--- Given entries Enclosed Below ---

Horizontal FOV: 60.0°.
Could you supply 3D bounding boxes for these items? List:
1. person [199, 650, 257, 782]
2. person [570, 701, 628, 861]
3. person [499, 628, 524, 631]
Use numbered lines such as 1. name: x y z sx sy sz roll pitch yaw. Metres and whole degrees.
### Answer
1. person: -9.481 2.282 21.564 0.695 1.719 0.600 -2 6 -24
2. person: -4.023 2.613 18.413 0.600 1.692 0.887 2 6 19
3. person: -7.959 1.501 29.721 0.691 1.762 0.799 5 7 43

--- End of Enclosed Given entries ---

Task brief
All lines from the line containing "Use numbered lines" through the last line of the data are to be repeated exactly; no other line belongs in the answer.

Your response
Use numbered lines such as 1. name: x y z sx sy sz roll pitch yaw. Metres and whole degrees.
### Answer
1. person: -9.481 2.282 21.564 0.695 1.719 0.600 -2 6 -24
2. person: -4.023 2.613 18.413 0.600 1.692 0.887 2 6 19
3. person: -7.959 1.501 29.721 0.691 1.762 0.799 5 7 43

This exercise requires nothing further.